What lines of the data below hold the string "drawing"? Copy each one out.

--- START ---

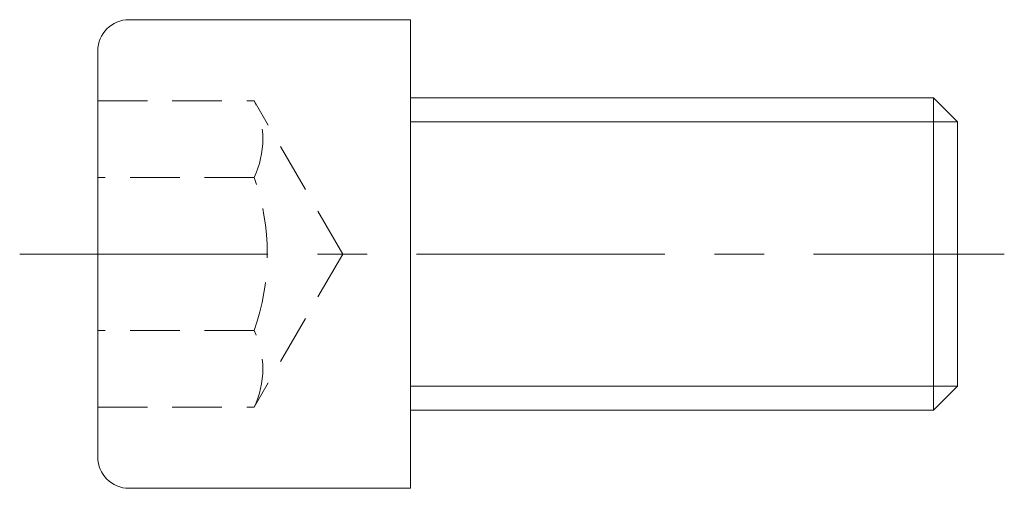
# Model space of a CAD drawing. Header units: millimetres. Extents: x -25 to 38, y -15 to 15.
import ezdxf

# ---------------------------------------------------------------- set-up
doc = ezdxf.new("R2010")
doc.units = ezdxf.units.MM
doc.header["$LTSCALE"] = 0.5
doc.linetypes.add('CENTER', pattern=[50.8, 31.75, -6.35, 6.35, -6.35])
doc.linetypes.add('HIDDEN', pattern=[9.525, 6.35, -3.175])
doc.layers.get('0').update_dxf_attribs({"color": 9, "lineweight": 15})

msp = doc.modelspace()

# ---------------------------------------------------------------- linework, layer by layer
at = {"ltscale": 0.5}
for p, q in [((-18, 15), (0, 15)), ((0, -15), (0, 15)), ((-20, -13), (-20, 13)), ((0, 10), (33.467, 10)), ((35, 8.466), (33.467, 10)), ((33.467, 10), (33.467, -10)), ((35, -8.467), (35, 8.466)), ((35, -8.467), (33.467, -10)), ((0, -10), (33.467, -10)), ((-18, -15), (0, -15))]:
    msp.add_line(p, q, dxfattribs=at)
at = {"color": 8, "linetype": 'HIDDEN'}
for p, q in [((-20, 9.815), (-10, 9.815)), ((-4.333, 0), (-10, 9.815)), ((-10, 4.907), (-20, 4.907)), ((-4.333, 0), (-10, -9.815)), ((-10, -4.907), (-20, -4.907)), ((-20, -9.815), (-10, -9.815))]:
    msp.add_line(p, q, dxfattribs=at)
at = {"color": 5, "ltscale": 0.5}
for p, q in [((0, 8.466), (35, 8.466)), ((0, -8.467), (35, -8.467))]:
    msp.add_line(p, q, dxfattribs=at)
at = {"color": 1, "linetype": 'CENTER'}
msp.add_line((-25, 0), (38, 0), dxfattribs=at)
at = {"ltscale": 0.5}
for centre, start, end in [((-18, 13), 90, 180), ((-18, -13), 180, 270)]:
    msp.add_arc(centre, 2, start, end, dxfattribs=at)
at = {"color": 8, "linetype": 'HIDDEN'}
for centre, radius, start, end in [((-15.133, 7.361), 5.69, 334.45208, 25.54792), ((-23.88, 0), 14.722, 340.52855, 19.47145), ((-15.133, -7.361), 5.69, 334.45208, 25.54792)]:
    msp.add_arc(centre, radius, start, end, dxfattribs=at)

doc.saveas('drawing.dxf')

--- END ---

TASK SOLUTION:
# Model space of a CAD drawing. Header units: millimetres. Extents: x -25 to 38, y -15 to 15.
doc.saveas('drawing.dxf')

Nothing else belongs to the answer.